The impact of Yb3+ concentration on multiband upconversion in a single NaYF4:Yb/Er microcrystal determined via nanosecond time-resolved spectroscopy

Abstract

In lanthanide-sensitized upconversion (UC) nanomaterials, the typical sensitizer Yb³⁺ can significantly modulate the codoped activator (such as Er³⁺ ions) to generate multiband transitions. However, the kinetics of these multiband emissions affected by the Yb³⁺ concentration remains unclear. In this work, we employ nanosecond time-resolved spectroscopy to investigate a single optically trapped NaYF₄:Yb/Er microcrystal (MC) doped with different Yb³⁺ concentrations. Interestingly, high doping Yb³⁺ ions shorten the UC response time by a factor of 10 (from ∼1 μs to ∼100 ns) compared to low doping Yb³⁺. Meanwhile, 430 nm light (⁴G_7/2 → ⁴I_11/2) emitted before 654 nm (⁴F_9/2 → ⁴I_15/2) with Yb³⁺ dramatically increasing (opposite to the normal low Yb³⁺ doping cases), representing a new four-photon pathway (⁴I_15/2 → ⁴I_11/2 → ⁴F_7/2 → ²H_11/2 →⁴S_3/2 → ²G_7/2 → ⁴G_11/2 → ²H_9/2 → ²D_5/2 → ⁴G_7/2).
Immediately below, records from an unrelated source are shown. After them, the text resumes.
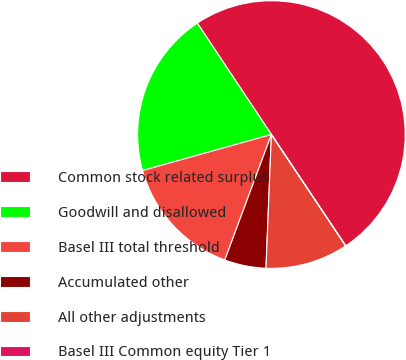<chart> <loc_0><loc_0><loc_500><loc_500><pie_chart><fcel>Common stock related surplus<fcel>Goodwill and disallowed<fcel>Basel III total threshold<fcel>Accumulated other<fcel>All other adjustments<fcel>Basel III Common equity Tier 1<nl><fcel>49.97%<fcel>20.0%<fcel>15.0%<fcel>5.01%<fcel>10.01%<fcel>0.01%<nl></chart> 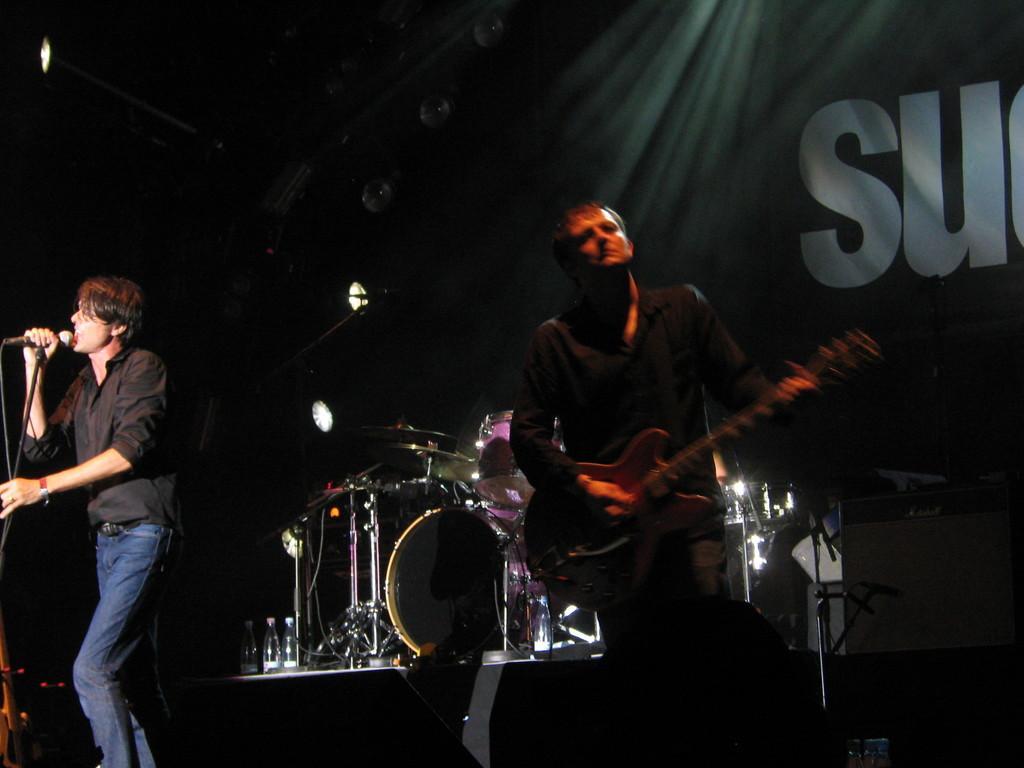Can you describe this image briefly? As we can see in the image there is a cloth and two people standing over here. The man who is standing on the left side is holding mic and singing a song and the man on the right side is holding guitar and in the middle there are musical drums. 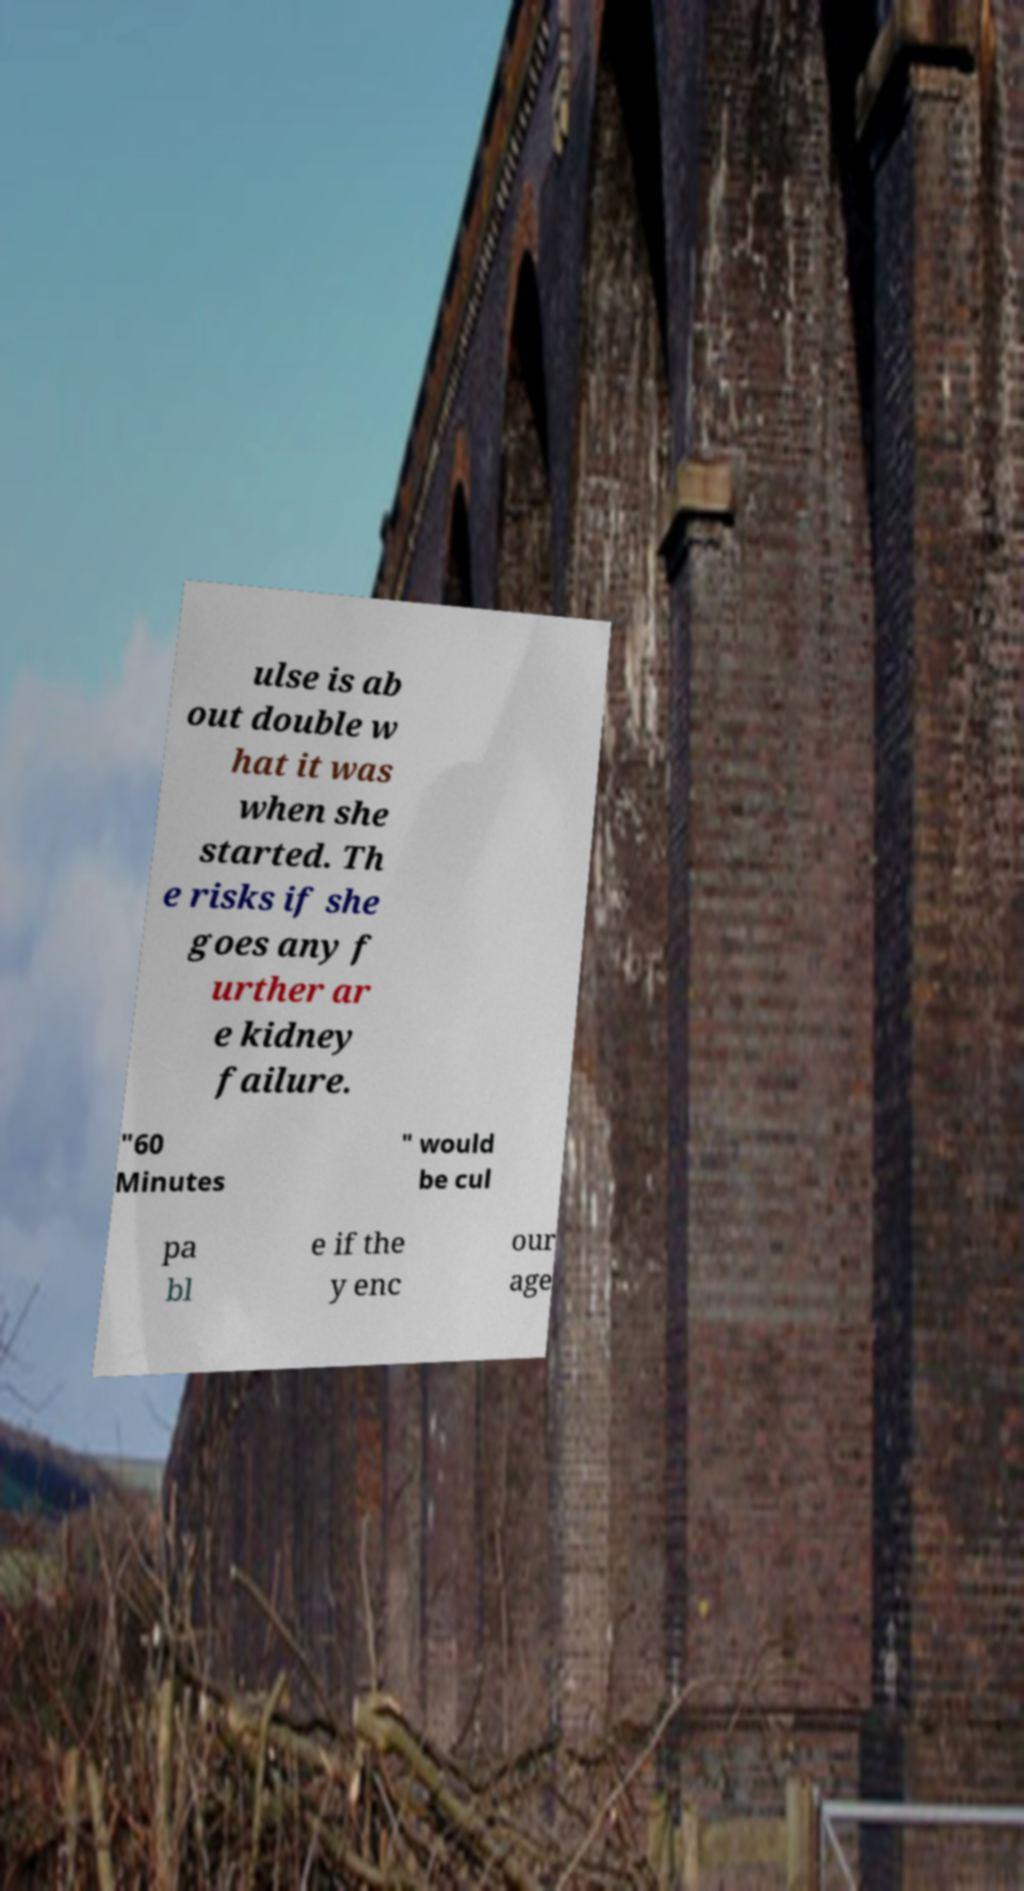What messages or text are displayed in this image? I need them in a readable, typed format. ulse is ab out double w hat it was when she started. Th e risks if she goes any f urther ar e kidney failure. "60 Minutes " would be cul pa bl e if the y enc our age 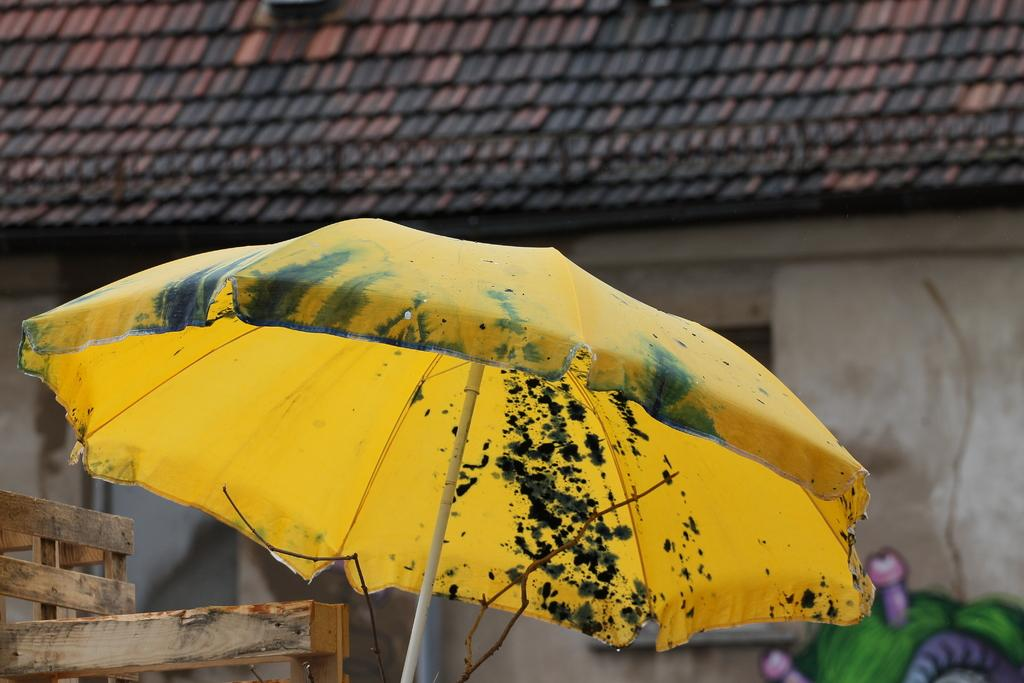What object is visible in the image that provides protection from the rain? There is an umbrella in the image. What type of material is used for the objects at the bottom of the image? The objects at the bottom of the image are made of wood. What can be seen in the distance behind the wooden objects? There is a house in the background of the image. What type of roof does the house have? The house has a gable roof. How does the dad in the image perform the operation on the quiet patient? There is no dad or operation present in the image; it only features an umbrella, wooden objects, a house, and an object at the bottom.

Furthermore, we observed a broad range of time-dependent emission color, changing from being initially green over near-white to red. Particularly, the red emission is dominated in the decay process, yielding insight into the fundamental multiband UC kinetics. The result shows that varying the Yb³⁺ doping concentration provides a way to control the energy flow between the energy levels of Er³⁺ ions, which can modulate the response time and color evolution of UC on Yb/Er doped materials. This can direct the prospective development of fast-response optoelectronic devices, photocatalysis, and UC displays in the future.